Exercise directions:
Reproduce the data below exactly as written. Pictures do not belong in the copy.

Items from a dataset:
○ ○ ○ ○ ○

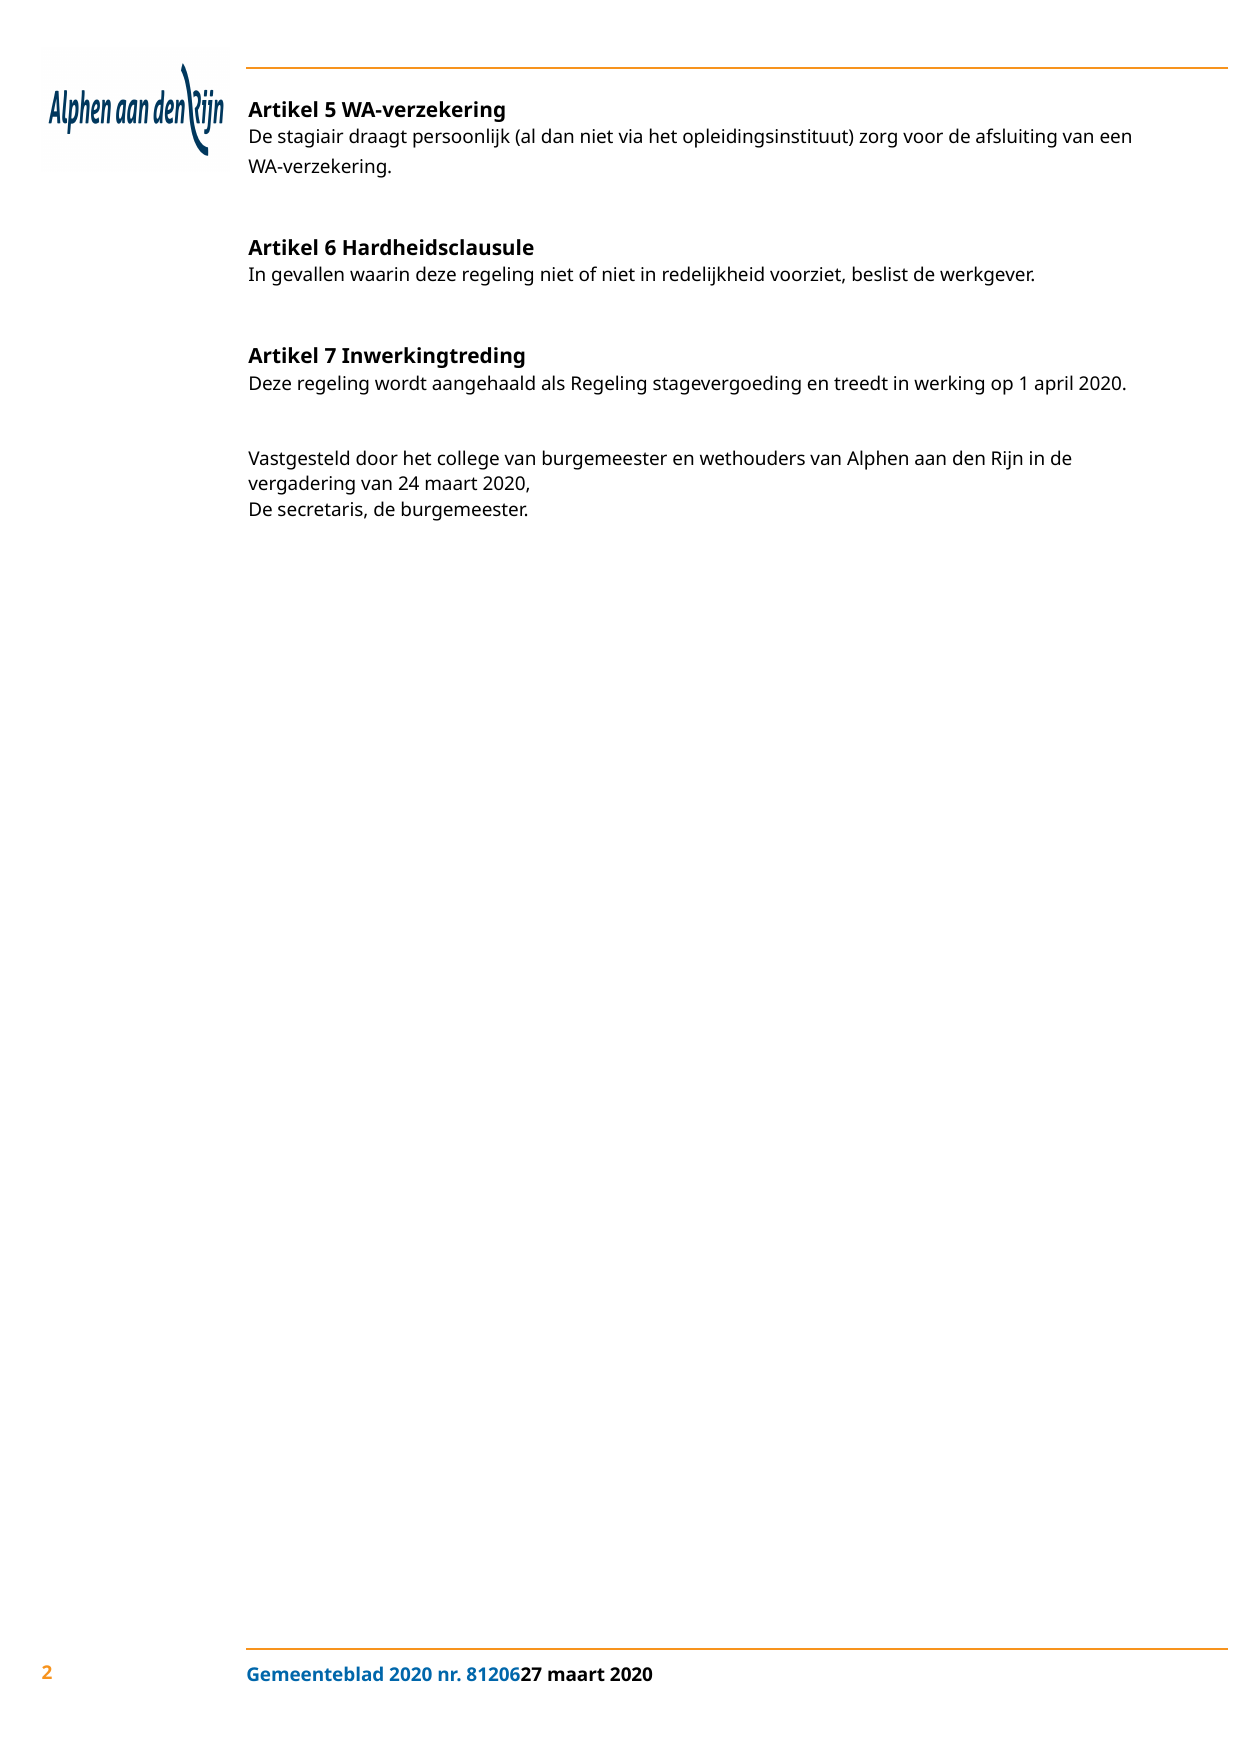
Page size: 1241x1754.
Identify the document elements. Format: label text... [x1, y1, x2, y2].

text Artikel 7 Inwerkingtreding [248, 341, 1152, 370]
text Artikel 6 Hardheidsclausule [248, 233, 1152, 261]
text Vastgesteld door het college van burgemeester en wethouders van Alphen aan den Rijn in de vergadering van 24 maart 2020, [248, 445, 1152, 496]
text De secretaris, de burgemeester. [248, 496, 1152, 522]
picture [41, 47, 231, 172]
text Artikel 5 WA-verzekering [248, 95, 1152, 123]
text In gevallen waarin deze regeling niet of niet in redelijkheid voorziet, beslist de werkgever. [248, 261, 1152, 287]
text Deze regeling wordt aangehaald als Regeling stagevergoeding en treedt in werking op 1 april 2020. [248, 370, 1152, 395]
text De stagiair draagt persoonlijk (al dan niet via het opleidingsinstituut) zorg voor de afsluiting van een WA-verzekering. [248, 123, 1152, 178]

○ ○ ○ ○ ○

Result:
Page size: 1241x1754.
Identify the document elements. Format: label text... [x1, y1, x2, y2].

text Artikel 7 Inwerkingtreding [248, 341, 1152, 370]
text Artikel 6 Hardheidsclausule [248, 233, 1152, 261]
text Vastgesteld door het college van burgemeester en wethouders van Alphen aan den Rijn in de vergadering van 24 maart 2020, [248, 445, 1152, 496]
text De secretaris, de burgemeester. [248, 496, 1152, 522]
picture [41, 47, 231, 172]
text Artikel 5 WA-verzekering [248, 95, 1152, 123]
text In gevallen waarin deze regeling niet of niet in redelijkheid voorziet, beslist de werkgever. [248, 261, 1152, 287]
text Deze regeling wordt aangehaald als Regeling stagevergoeding en treedt in werking op 1 april 2020. [248, 370, 1152, 395]
text De stagiair draagt persoonlijk (al dan niet via het opleidingsinstituut) zorg voor de afsluiting van een WA-verzekering. [248, 123, 1152, 178]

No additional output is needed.